The present invention relates to an improved electrical connector useful for connecting batteries to cable wire, and in particular, for connecting the battery posts of storage batteries to vehicles.
Electrical connectors that are used to connect the battery posts of storage batteries to the electrical systems of vehicles have demanding corrosion-resistance and vibration-withstanding requirements. The corrosion-resistance requirements arise from the highly corrosive galvanic coupling environment of storage batteries. Storage batteries typically contain corrosive acids that vaporize and condense on the battery posts and electrical junction points of the electrical connector. The hygroscopic acids and byproducts thereof, absorb moisture from the ambient environment to form highly corrosive chemical species which rapidly corrode the electrical connector, cable wire, and battery posts. Such corrosion is further aggravated by the galvanic coupling that occurs between the battery post, connector, and cable wire, due to the electrical charge flowing through the metal connector components. The electrical connectors are also subject to high levels of vibrational stresses during operation of the vehicles. The vibrational stresses can cause the electrical connectors to release the cable wire or loosen about the battery post, resulting in shorting and sparking of the electrical junction and malfunctioning of the vehicle.

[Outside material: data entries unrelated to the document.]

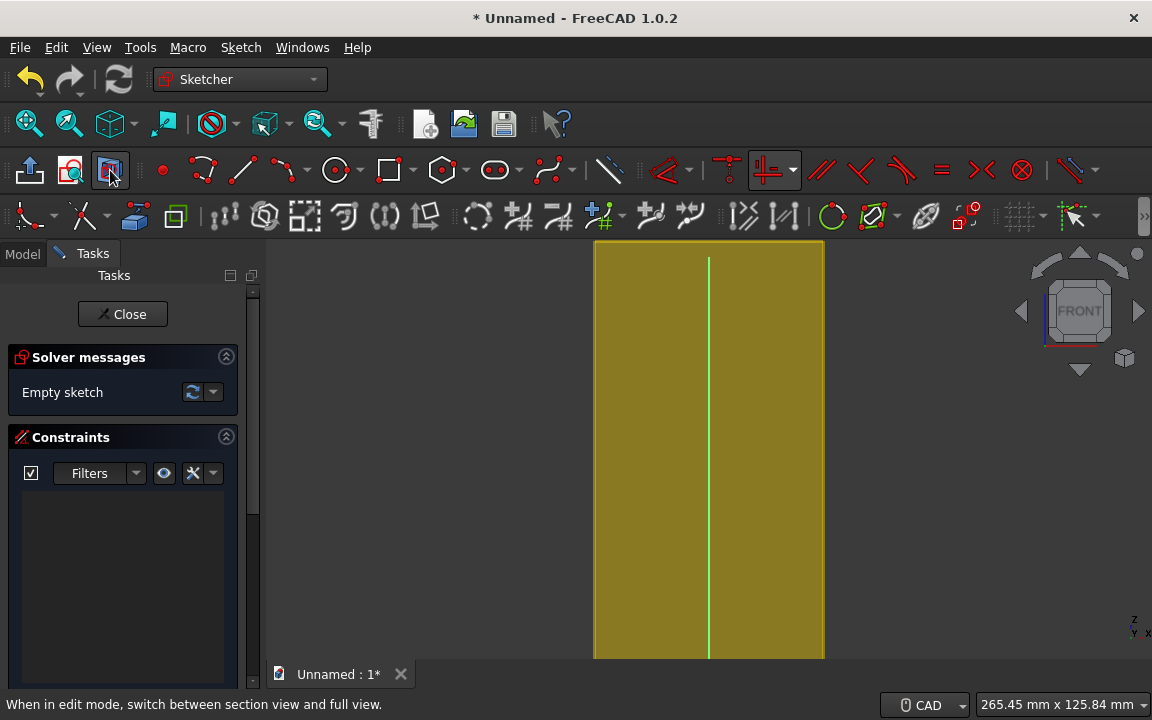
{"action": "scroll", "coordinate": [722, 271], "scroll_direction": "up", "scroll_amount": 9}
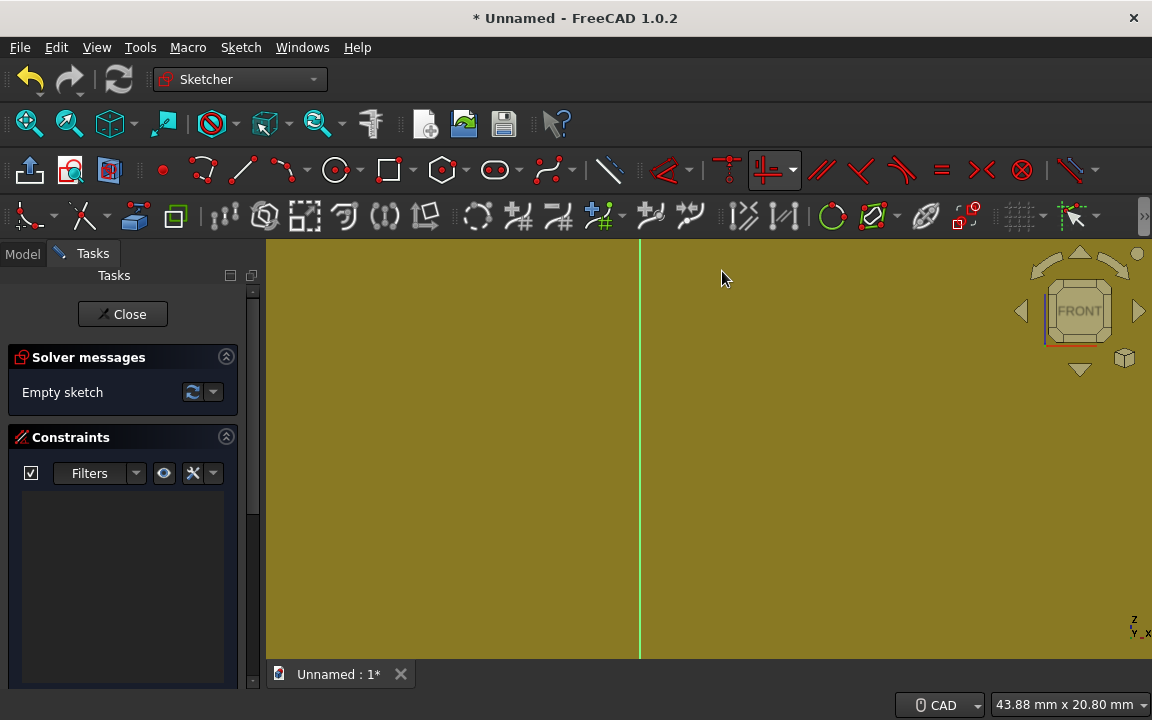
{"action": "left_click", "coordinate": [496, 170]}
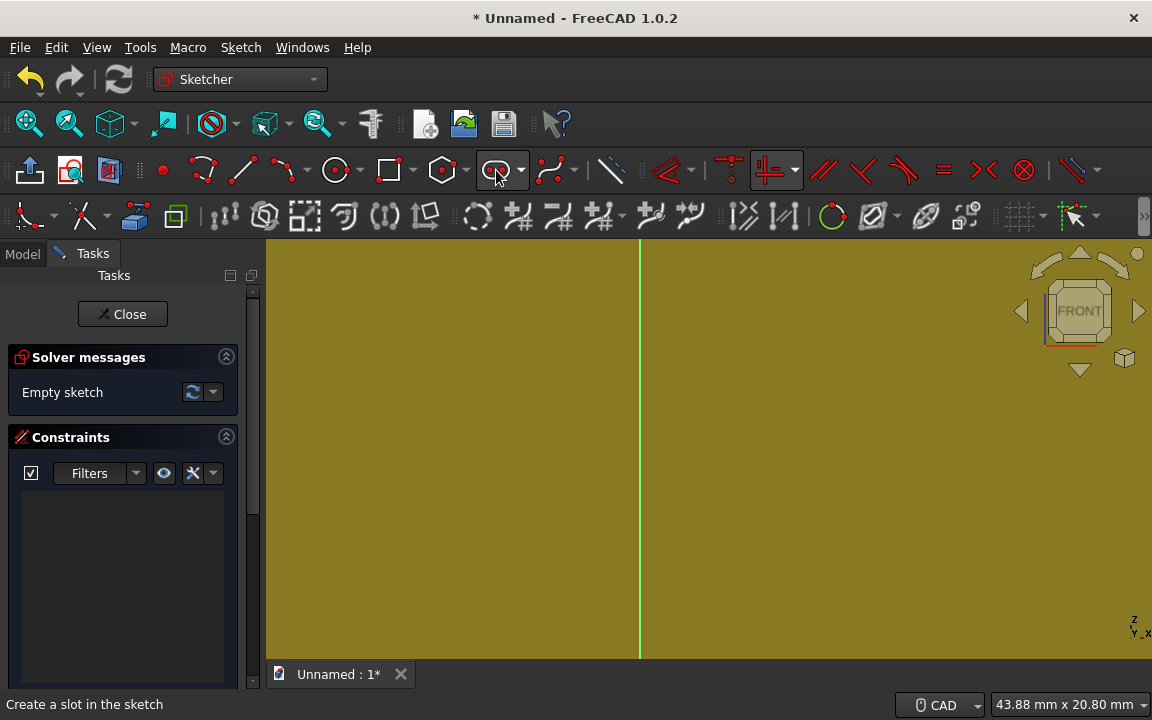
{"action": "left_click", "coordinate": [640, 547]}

Conventional electrical connectors that are fabricated using numerous components provide limited corrosion resistance and often fail in high vibration environments. For example, FIGS. 1a-1c show a conventional electrical connector 10 that comprises (i) a battery post connector 11 that compression fits around the battery post, and (ii) a side-mounted cable connector 12 that is clamped on an exposed cable wire. The battery post connector 11 is compression fitted about the battery post by tightening a nut and bolt assembly 13 extending through the free ends 14a, 14b of the battery post connector. The side-mounted cable connector 12 compresses the exposed cable wire between a base 15 and a clamping plate 16 by tightening of the nut and bolt assemblies 17a, 17b therethrough, as shown in FIG. 1c.

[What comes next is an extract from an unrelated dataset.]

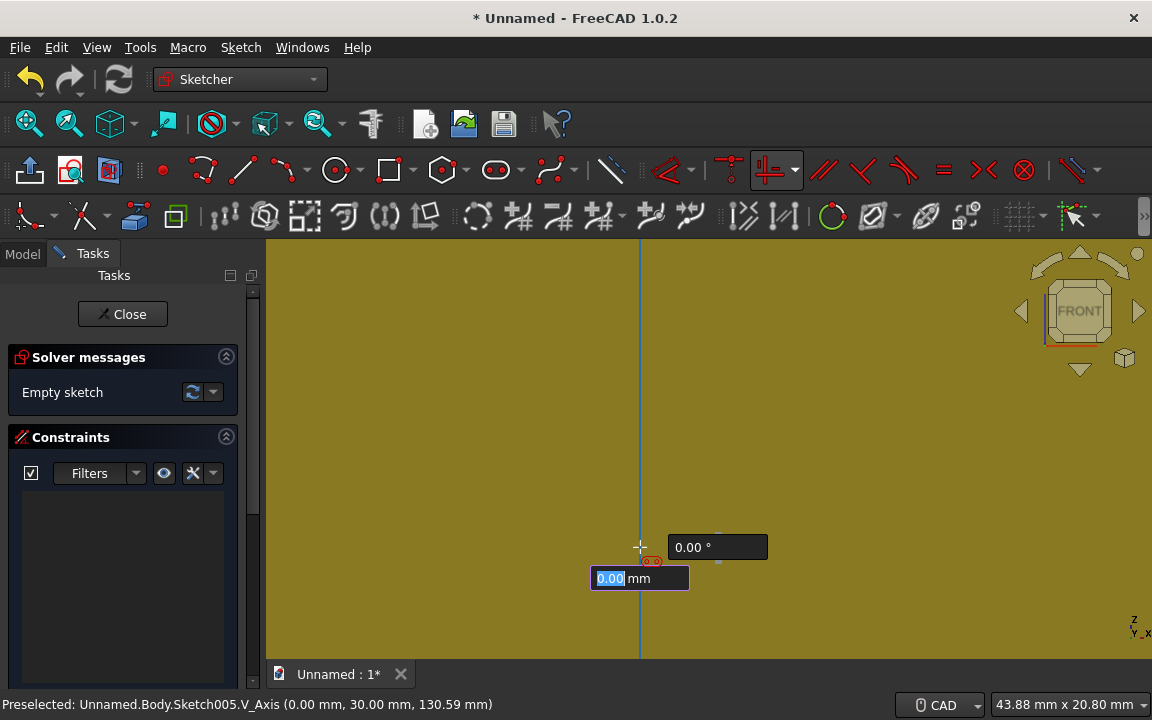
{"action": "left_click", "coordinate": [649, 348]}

The side-mounted cable connector 12 of the electrical connector 10 has several operational disadvantages. First, the side-mounted cable connector 12 lengthens the overall size of the electrical connector 10 often rendering the connector unsuitable for use in small engine compartments of compact cars and motorcycles. In most storage batteries, the battery posts are located at the perimeter of the battery, causing the attached electrical connector 10 to extend outwardly from the battery (as shown in FIG. 1a), and resulting in electrical contact and shorting of the connector 10 with the electrically conductive portions of the vehicle. Also, the relatively large sized and outwardly extending connector 10 can limit access to other components within the engine compartment of the vehicle, and require that the connector 10 be disconnected during service or repair of the vehicle. Furthermore, the side-mounted connector 12 is also often structurally weak at the joint 18 with the battery post connector 11, and can break-off at the joint during fabrication or during mounting of the electrical connector 10.

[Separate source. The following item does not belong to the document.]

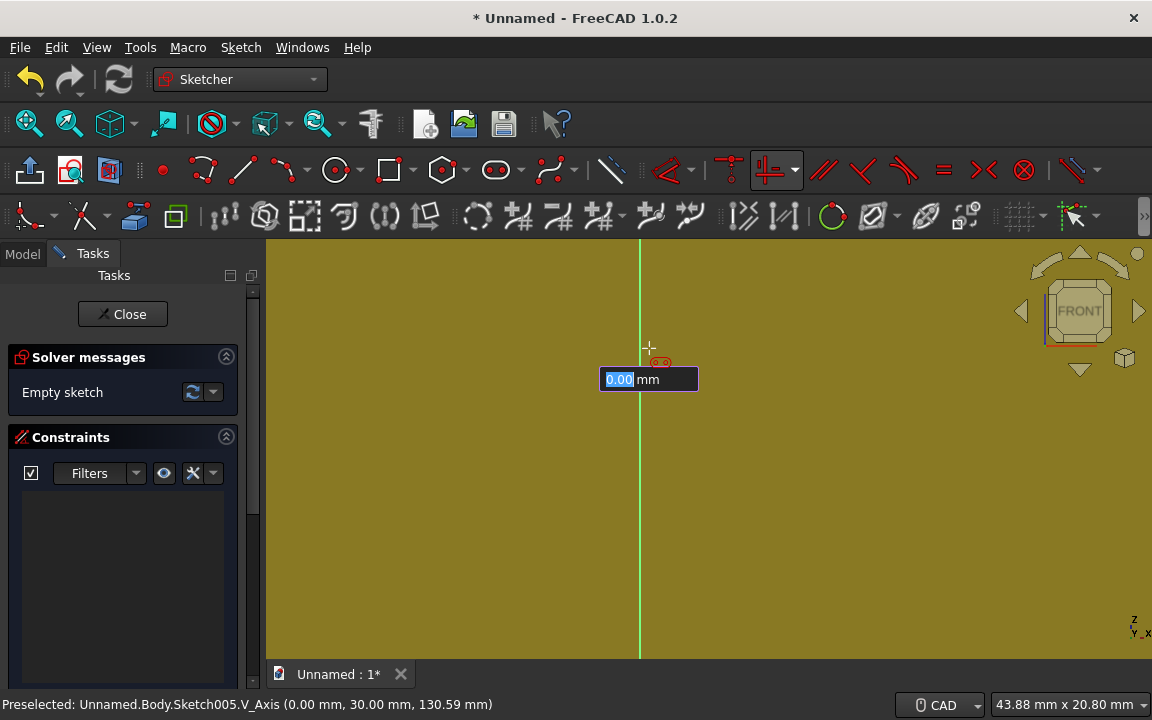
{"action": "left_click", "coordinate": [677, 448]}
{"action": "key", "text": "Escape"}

Another problem with conventional electrical connectors 10 results from the multiple nut and bolt assemblies 13, 17a, 17b that are used to tighten the connector around the battery post, and to compress the cable wire in the side-mounted cable connector 12. The numerous nut and bolt assemblies increases the chances of loosening of one or more of the assemblies during operation of the vehicle due to the high vibrational stresses placed on the connector. This results in disconnection or sparking at the battery post and cable wire junctions. Also, the large number of separate components of the connectors reduces the corrosion-resistance of the connector, due in part to the large surface area of the components, and in part to the sharp corners and edges of the components which can rapidly corrode in galvanic coupling environments because of the higher inherent surface energy of such features.
Thus, it is desirable to have an electrical connector with a reduced number of components to minimize the corrosion and vibration-induced failure of the connector, during operation of the vehicle. It is even more desirable to have an electrical connector that comprises a single integral assembly of components. It is further desirable to have an electrical connector that occupies a small cross-sectional area for use in small engine compartments.